■ WHAT NEEDS TO BE DONE
When a line in the data below includes "that", count it; then give only the total.

■ EXTRACTED DATA
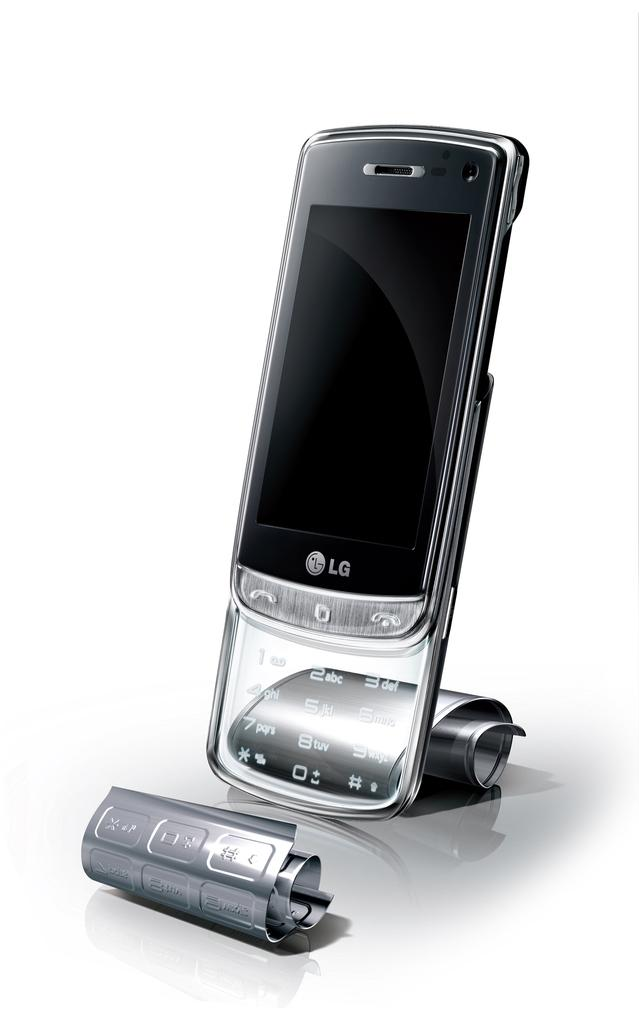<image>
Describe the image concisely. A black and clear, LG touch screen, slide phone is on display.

---

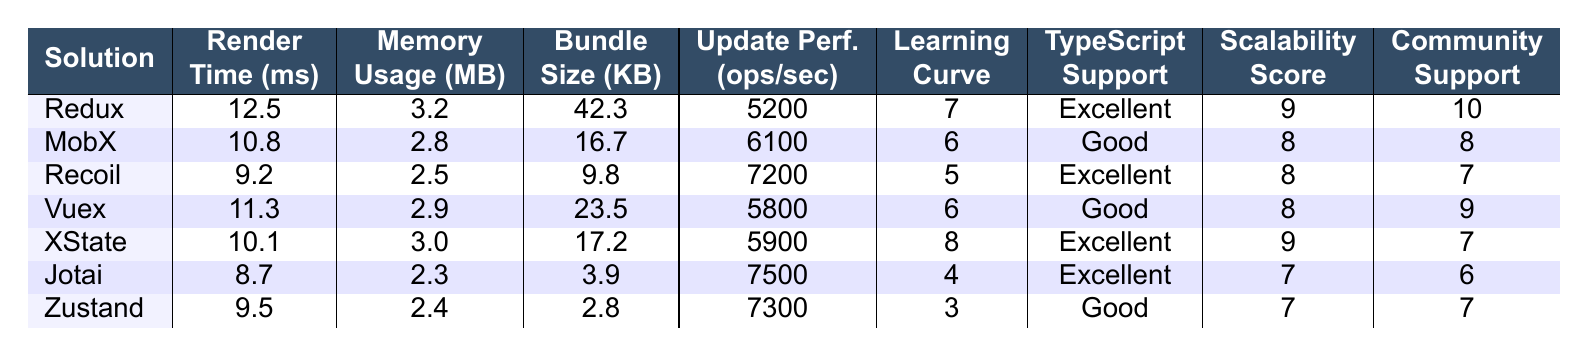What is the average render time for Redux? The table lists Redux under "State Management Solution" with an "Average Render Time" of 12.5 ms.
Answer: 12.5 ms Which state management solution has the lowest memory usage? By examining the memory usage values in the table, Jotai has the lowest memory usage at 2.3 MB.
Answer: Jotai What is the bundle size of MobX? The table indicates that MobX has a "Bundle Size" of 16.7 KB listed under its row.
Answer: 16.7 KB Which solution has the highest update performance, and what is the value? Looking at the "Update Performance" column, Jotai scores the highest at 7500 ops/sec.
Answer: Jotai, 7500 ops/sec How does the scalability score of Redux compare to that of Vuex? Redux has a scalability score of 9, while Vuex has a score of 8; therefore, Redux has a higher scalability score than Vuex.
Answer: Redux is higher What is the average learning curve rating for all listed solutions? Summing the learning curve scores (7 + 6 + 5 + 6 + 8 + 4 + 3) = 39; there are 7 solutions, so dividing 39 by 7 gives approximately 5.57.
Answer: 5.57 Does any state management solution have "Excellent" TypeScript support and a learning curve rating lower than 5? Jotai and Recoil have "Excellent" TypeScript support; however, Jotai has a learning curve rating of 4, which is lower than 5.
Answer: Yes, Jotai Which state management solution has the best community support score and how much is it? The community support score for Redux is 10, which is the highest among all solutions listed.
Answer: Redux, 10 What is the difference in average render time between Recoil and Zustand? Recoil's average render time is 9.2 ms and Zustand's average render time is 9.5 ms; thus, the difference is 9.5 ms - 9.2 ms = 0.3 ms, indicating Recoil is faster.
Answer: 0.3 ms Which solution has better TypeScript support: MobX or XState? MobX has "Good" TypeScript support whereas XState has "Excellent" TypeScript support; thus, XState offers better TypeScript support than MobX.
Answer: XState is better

■ WRITTEN REPLY
2